Exercise aim
Where a picture appears, leave it out, and print the rest of the records as they are.
======== Available data ========
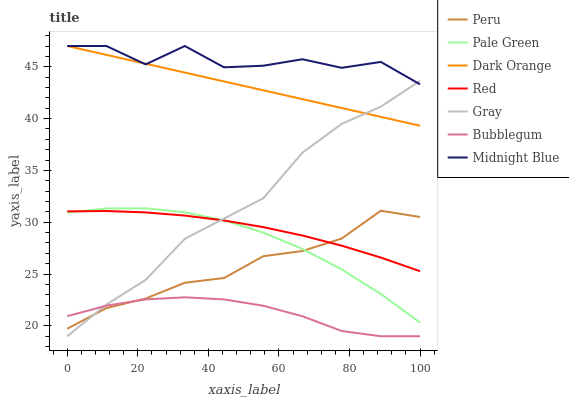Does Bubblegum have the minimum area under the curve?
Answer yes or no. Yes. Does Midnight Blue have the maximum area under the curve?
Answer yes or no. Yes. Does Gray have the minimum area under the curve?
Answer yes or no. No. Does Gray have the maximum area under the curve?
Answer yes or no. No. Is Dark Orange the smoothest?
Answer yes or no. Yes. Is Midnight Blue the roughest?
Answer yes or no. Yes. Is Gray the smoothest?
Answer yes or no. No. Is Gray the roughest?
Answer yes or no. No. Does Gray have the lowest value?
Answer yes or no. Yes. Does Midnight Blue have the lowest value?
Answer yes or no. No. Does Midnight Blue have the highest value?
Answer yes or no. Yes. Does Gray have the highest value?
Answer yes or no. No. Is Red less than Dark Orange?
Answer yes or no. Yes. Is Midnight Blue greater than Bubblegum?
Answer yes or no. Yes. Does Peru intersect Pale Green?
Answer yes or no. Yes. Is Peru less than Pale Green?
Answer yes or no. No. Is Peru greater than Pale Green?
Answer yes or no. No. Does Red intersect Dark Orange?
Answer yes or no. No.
========
Answer section
Does Bubblegum have the minimum area under the curve?
Answer yes or no. Yes. Does Midnight Blue have the maximum area under the curve?
Answer yes or no. Yes. Does Gray have the minimum area under the curve?
Answer yes or no. No. Does Gray have the maximum area under the curve?
Answer yes or no. No. Is Dark Orange the smoothest?
Answer yes or no. Yes. Is Midnight Blue the roughest?
Answer yes or no. Yes. Is Gray the smoothest?
Answer yes or no. No. Is Gray the roughest?
Answer yes or no. No. Does Gray have the lowest value?
Answer yes or no. Yes. Does Midnight Blue have the lowest value?
Answer yes or no. No. Does Midnight Blue have the highest value?
Answer yes or no. Yes. Does Gray have the highest value?
Answer yes or no. No. Is Red less than Dark Orange?
Answer yes or no. Yes. Is Midnight Blue greater than Bubblegum?
Answer yes or no. Yes. Does Peru intersect Pale Green?
Answer yes or no. Yes. Is Peru less than Pale Green?
Answer yes or no. No. Is Peru greater than Pale Green?
Answer yes or no. No. Does Red intersect Dark Orange?
Answer yes or no. No.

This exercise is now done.